## Work request
While copying the entries exactly, leave out each picture they contain.

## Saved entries
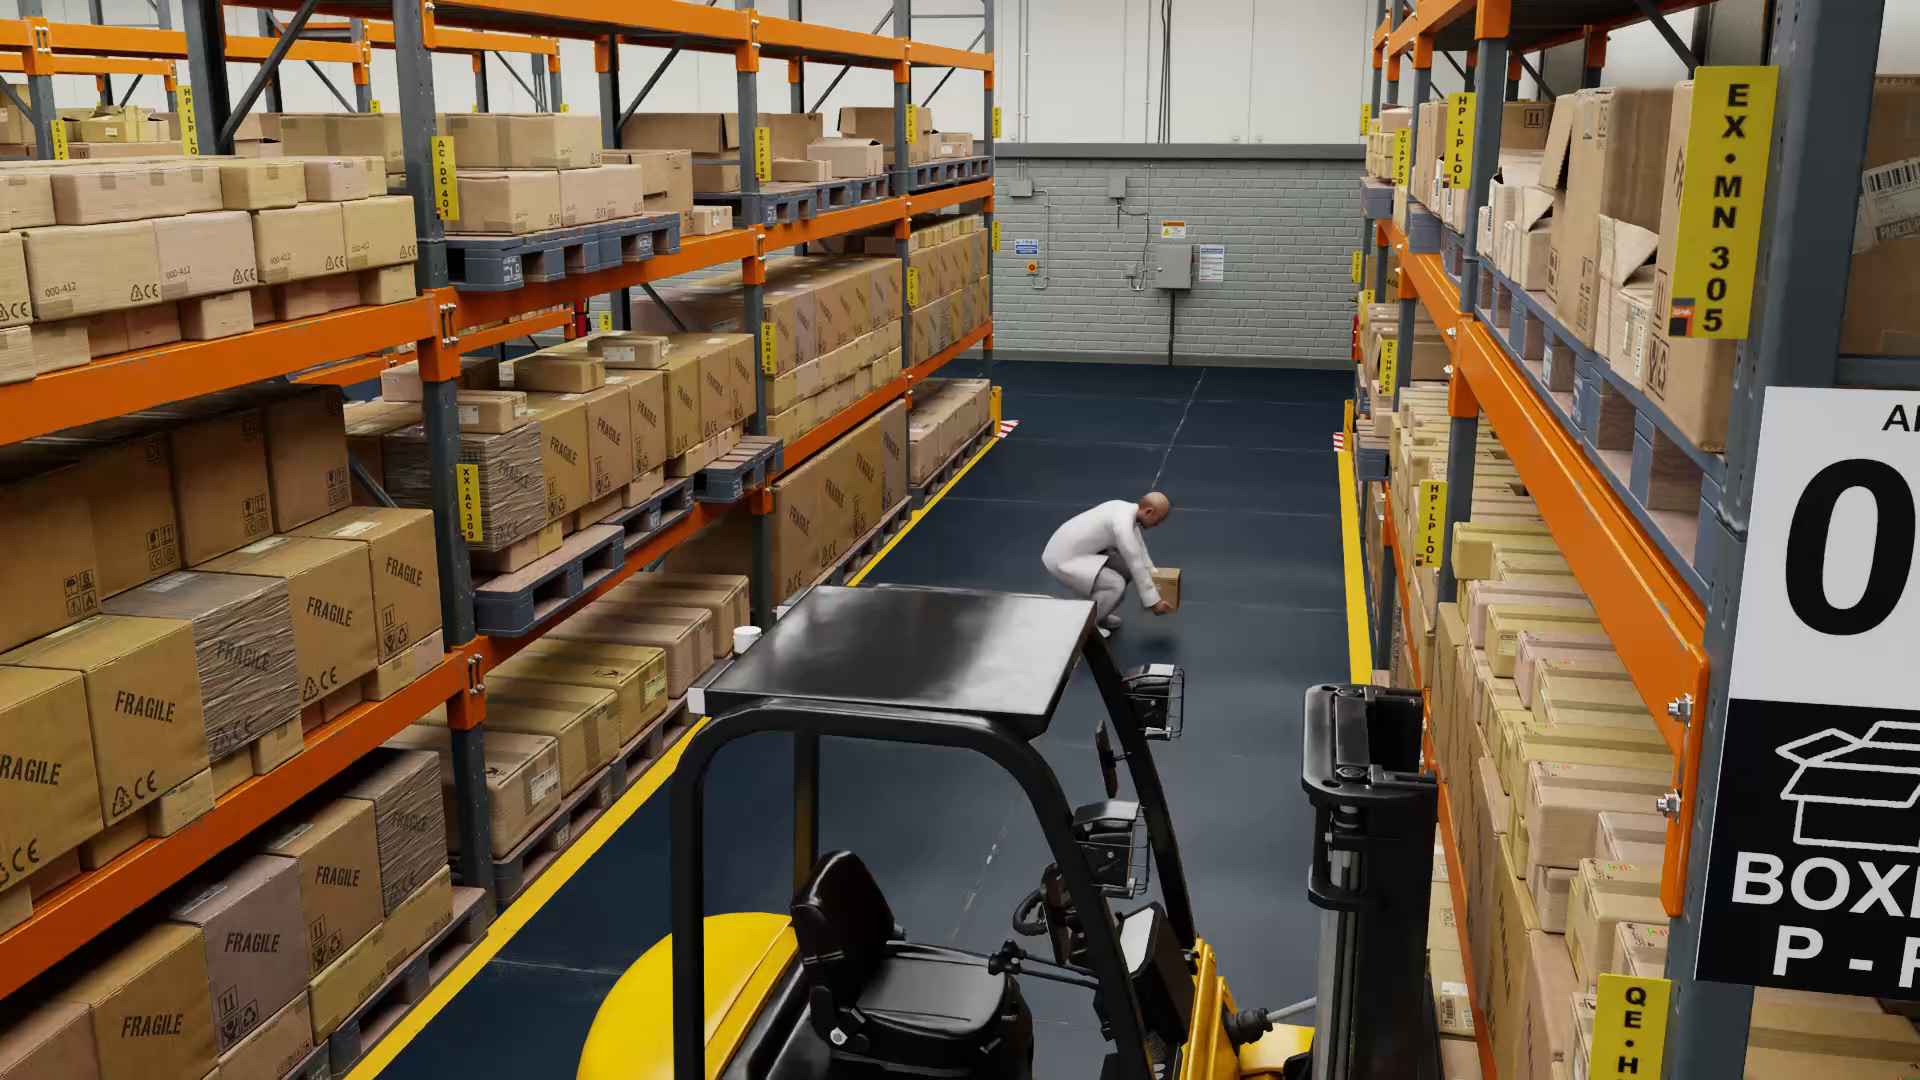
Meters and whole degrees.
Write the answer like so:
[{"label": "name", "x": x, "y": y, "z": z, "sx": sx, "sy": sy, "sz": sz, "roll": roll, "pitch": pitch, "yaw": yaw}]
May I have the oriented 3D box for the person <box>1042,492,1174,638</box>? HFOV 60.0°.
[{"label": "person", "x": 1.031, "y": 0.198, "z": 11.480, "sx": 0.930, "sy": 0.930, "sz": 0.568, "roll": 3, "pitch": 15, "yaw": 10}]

## Worked solution
Meters and whole degrees.
Write the answer like so:
[{"label": "name", "x": x, "y": y, "z": z, "sx": sx, "sy": sy, "sz": sz, "roll": roll, "pitch": pitch, "yaw": yaw}]
May I have the oriented 3D box for the person <box>1042,492,1174,638</box>? HFOV 60.0°.
[{"label": "person", "x": 1.031, "y": 0.198, "z": 11.480, "sx": 0.930, "sy": 0.930, "sz": 0.568, "roll": 3, "pitch": 15, "yaw": 10}]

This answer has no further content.